So let me attempt to explain the trust based system that is  Norwegian public transport. You pay before you travel and in exchange for your money you get a transport card. You can fill it in day to day (charge it like a phone) hour to hour or month to month. In Oslo you need this if you will be going around since though it is a small city it’s still pretty big to walk from one end to the other. With a monthly card you can get on anything for the whole month, a tram to Tidemands, a bus to Bygdøy, a train to Tøyen, a subway to Sinsen. You  just walk in and walk out. If you want you can swipe it through the barcode machines and see if they turn green but you don’t have to.

They have random checks every other day or so but basically it’s a trust system, what’s to stop you risking the law? The slim possibility of a 900 kroner fine? Yeah that stops you in your tracks.
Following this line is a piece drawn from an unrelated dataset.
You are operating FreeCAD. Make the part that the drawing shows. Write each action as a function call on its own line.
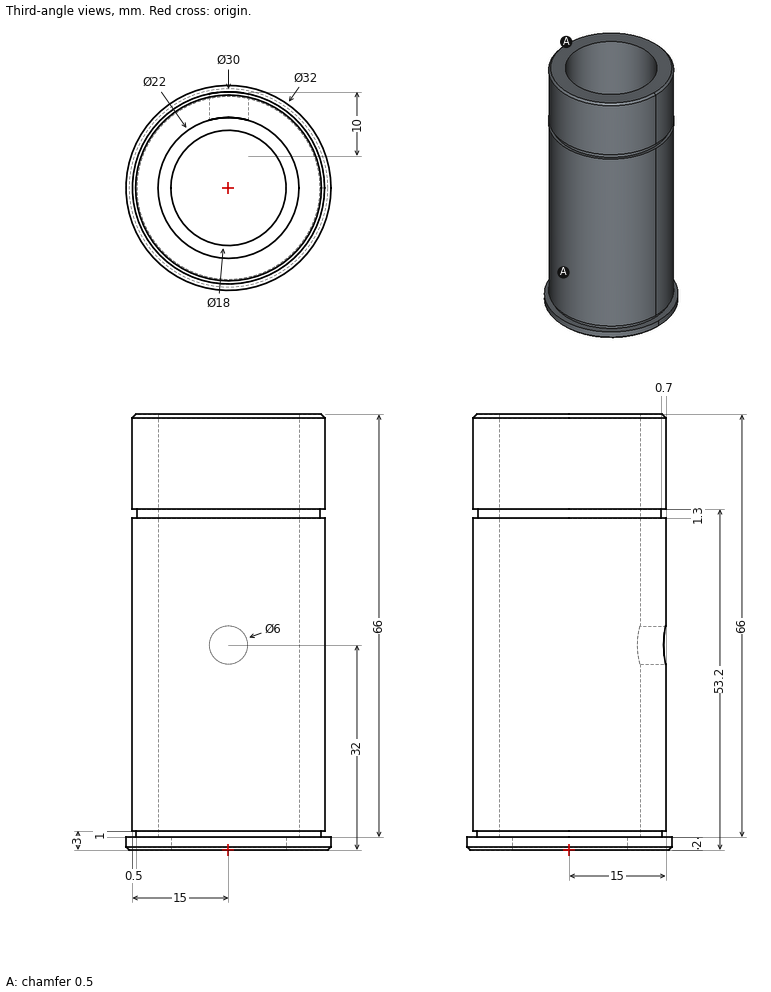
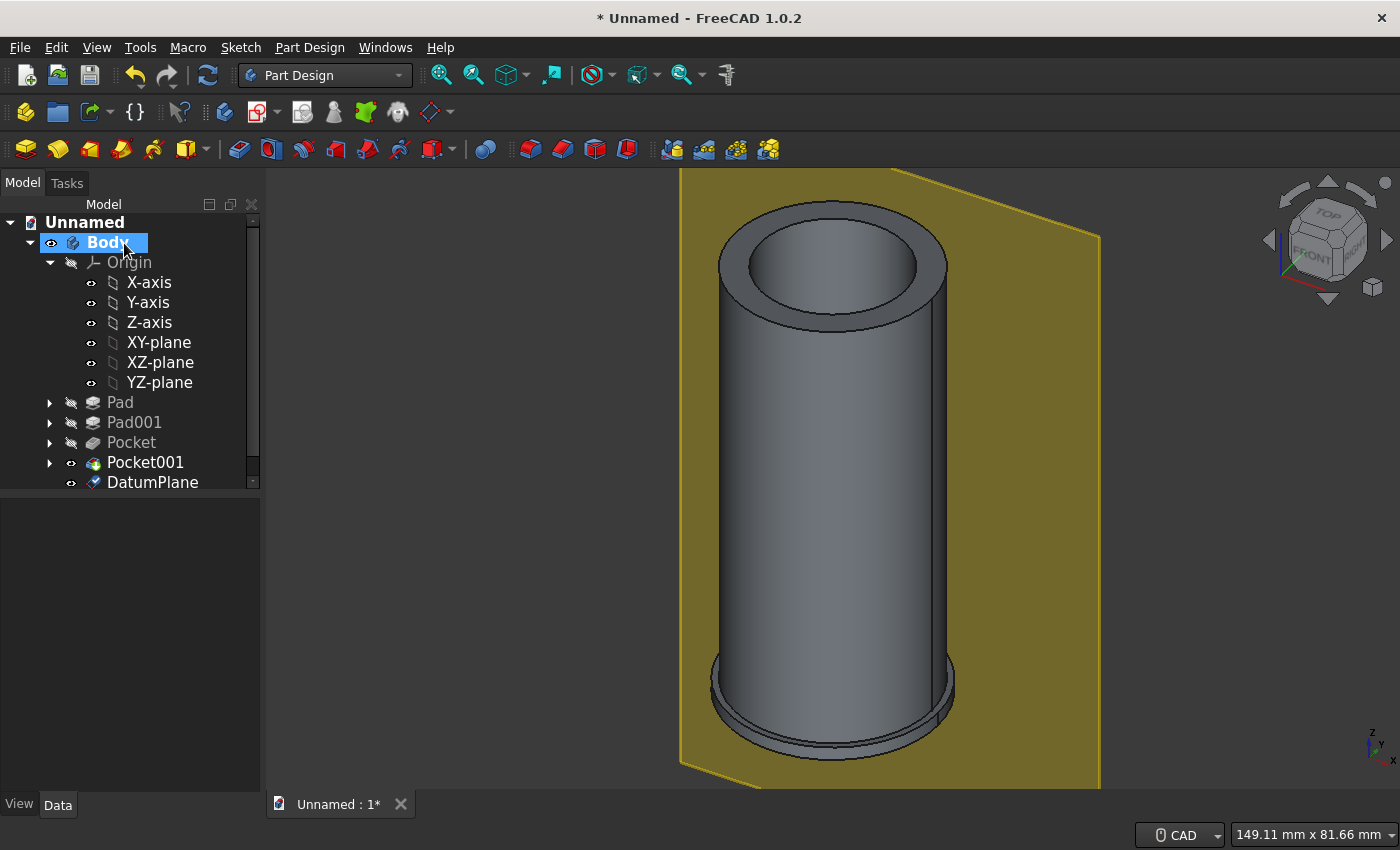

I was in Oslo over the weekend and I got a card at one of the convenience stores, a Narvessen. It was just a piece of paper with a bar code printed on its back that would be valid for an hour. I had no idea how to use it, whether the hour started running from the time of purchase or the time of validation, so I asked this guy at the stop how to use it.

“There’s a little red machine at the entrance to the bus and you just put it in and it gets stamped and that’s it but,” leaning in conspiratorially, “I’ve been travelling for free for 3 months.”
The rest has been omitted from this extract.